After a lot of trial and error with various services, here's the solution that I've landed upon, and which I've been using with success for a while now:
Import the files
I begin by importing the photos/videos from the cameras into a local directory on my laptop, which I try to do as frequently as I can. Within my note-taking software (Apple Notes) I keep a list of all four of our cameras, along with the filenames and dates of the last photo/video that I uploaded from each one. For instance, it currently looks like this:
- iPhone 6s - IMG_0432.JPG 31.10.18
- iPhone 6s Plus - IMG_3708.JPG 30.10.18
- Nikon D60 - DSC_0980.JPG - 11.05.18
- Nikon Coolpix - DSCN0805.JPG - 12.05.18
Optimise the file sizes
I then run the images through a piece of software called JPEGmini. JPEGmini uses magic to strip out a lot of metadata and generally un-needed junk from each photo, leaving them on average 40% smaller in file size, without affecting the image quality at all. It still leaves in place the kinds of metadata that you're likely to want to keep, so the photos retain info such as when they were taken, the model of camera that was used etc (this kind of metadata is called Exif data, more on that later). I'm not entirely certain what it is that JPEGmini removes from the photos, but it works fantastically, and I've been using it for years now without any problems. This step is a no-brainer for me, JPEGmini doesn't cost a lot of money, and the file size savings will amount to savings in HDD and cloud storage space in the future (more on that to come too).

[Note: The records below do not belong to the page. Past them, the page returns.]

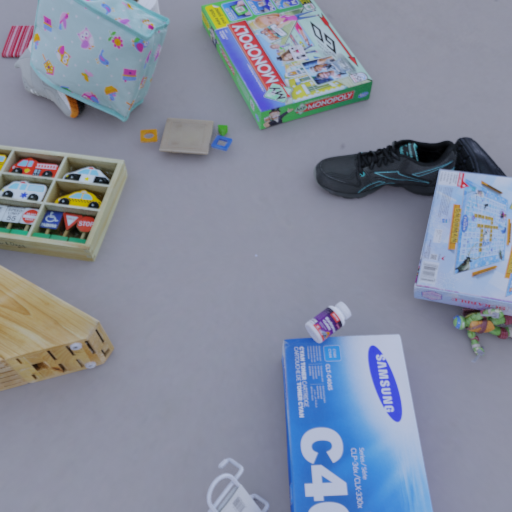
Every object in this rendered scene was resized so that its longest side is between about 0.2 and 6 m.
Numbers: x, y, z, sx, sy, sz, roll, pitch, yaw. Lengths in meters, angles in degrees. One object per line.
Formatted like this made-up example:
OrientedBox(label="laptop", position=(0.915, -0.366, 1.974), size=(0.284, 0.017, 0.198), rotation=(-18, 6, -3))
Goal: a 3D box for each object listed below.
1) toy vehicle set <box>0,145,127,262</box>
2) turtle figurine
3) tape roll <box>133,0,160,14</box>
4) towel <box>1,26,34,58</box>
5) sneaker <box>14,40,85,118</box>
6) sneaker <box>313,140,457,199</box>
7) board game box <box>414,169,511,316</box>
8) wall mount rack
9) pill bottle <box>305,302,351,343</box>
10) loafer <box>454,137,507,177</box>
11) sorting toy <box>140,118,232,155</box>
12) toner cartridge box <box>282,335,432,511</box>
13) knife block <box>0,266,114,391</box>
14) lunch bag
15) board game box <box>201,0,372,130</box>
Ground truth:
OrientedBox(label="toy vehicle set", position=(-4.783, -1.185, 11.560), size=(3.695, 0.490, 2.296), rotation=(7, 58, 5))
OrientedBox(label="turtle figurine", position=(4.145, 1.347, 9.744), size=(1.196, 1.233, 0.887), rotation=(-1, 91, -6))
OrientedBox(label="tape roll", position=(-3.300, -5.974, 14.170), size=(1.780, 1.222, 1.780), rotation=(0, 57, 0))
OrientedBox(label="towel", position=(-5.663, -5.548, 14.523), size=(1.621, 0.182, 1.172), rotation=(0, 60, 2))
OrientedBox(label="sneaker", position=(-4.926, -4.010, 13.299), size=(1.023, 0.842, 2.223), rotation=(-38, 74, 15))
OrientedBox(label="sneaker", position=(2.682, -1.947, 11.661), size=(2.960, 1.173, 1.116), rotation=(-3, 59, 0))
OrientedBox(label="board game box", position=(4.434, -0.242, 10.163), size=(2.623, 0.541, 2.630), rotation=(11, 65, 20))
OrientedBox(label="wall mount rack", position=(-0.542, 3.791, 8.025), size=(0.608, 1.632, 1.418), rotation=(10, 46, 48))
OrientedBox(label="pill bottle", position=(1.179, 1.060, 9.072), size=(0.705, 0.393, 0.393), rotation=(-35, 64, -13))
OrientedBox(label="loafer", position=(4.827, -1.296, 11.431), size=(0.952, 0.921, 2.712), rotation=(-11, 62, -13))
OrientedBox(label="sorting toy", position=(-1.562, -2.653, 12.630), size=(2.081, 0.283, 1.172), rotation=(5, 53, 2))
OrientedBox(label="toner cartridge box", position=(1.479, 3.289, 8.463), size=(1.980, 0.900, 4.168), rotation=(-2, 58, -1))
OrientedBox(label="knife block", position=(-4.659, 0.711, 9.925), size=(3.687, 1.179, 3.236), rotation=(-14, 60, -8))
OrientedBox(label="lunch bag", position=(-3.556, -4.621, 12.201), size=(2.678, 2.281, 1.633), rotation=(27, 40, -3))
OrientedBox(label="board game box", position=(0.641, -5.130, 13.999), size=(2.860, 0.619, 4.250), rotation=(-18, 60, -12))

Unfortunately, I haven't found anything with the same drag-and-drop simplicity of JPEGmini for compressing video files. As mobile phone cameras are improving in quality (and the resulting photos are increasing in file size) I'm finding that a huge proportion of our photo collection is taken up with videos. However, tools to convert/compress/shrink video files are still very slow to process and very manual to use. I don't have the time or the inclination to manually compress hours worth of video on a regular basis, so until something more drag-and-drop comes along I'd rather take the file size hit.
Rename the files
The trouble with merging images from four different cameras into one collection is that the file names aren't in a consecutive order. Photos taken on an iPhone begin with 'IMG', while images from our DSLR begin with 'DSC', and our waterproof camera uses something different still. This means that our photos typically won't get sorted in chronological order when viewing them in a file browser, but alphabetically instead, leaving them out of sequence.
To fix this I use another tool, a free download called ExifTool. ExifTool is a command line program that can use the aforementioned Exif data that's stored within the files to automatically rename photos and videos, so that instead of eg 'IMG_1234.jpg' the photo will be named according to the date and time that it was taken, accurate to the second. By running ExifTool on all of the photos and videos within the directory, regardless of the which camera was used to take them, they will all be named and therefore displayed chronologically. That is, just so long as the dates and times are set correctly on all of the cameras before the photos and videos are taken. I learned that the hard way.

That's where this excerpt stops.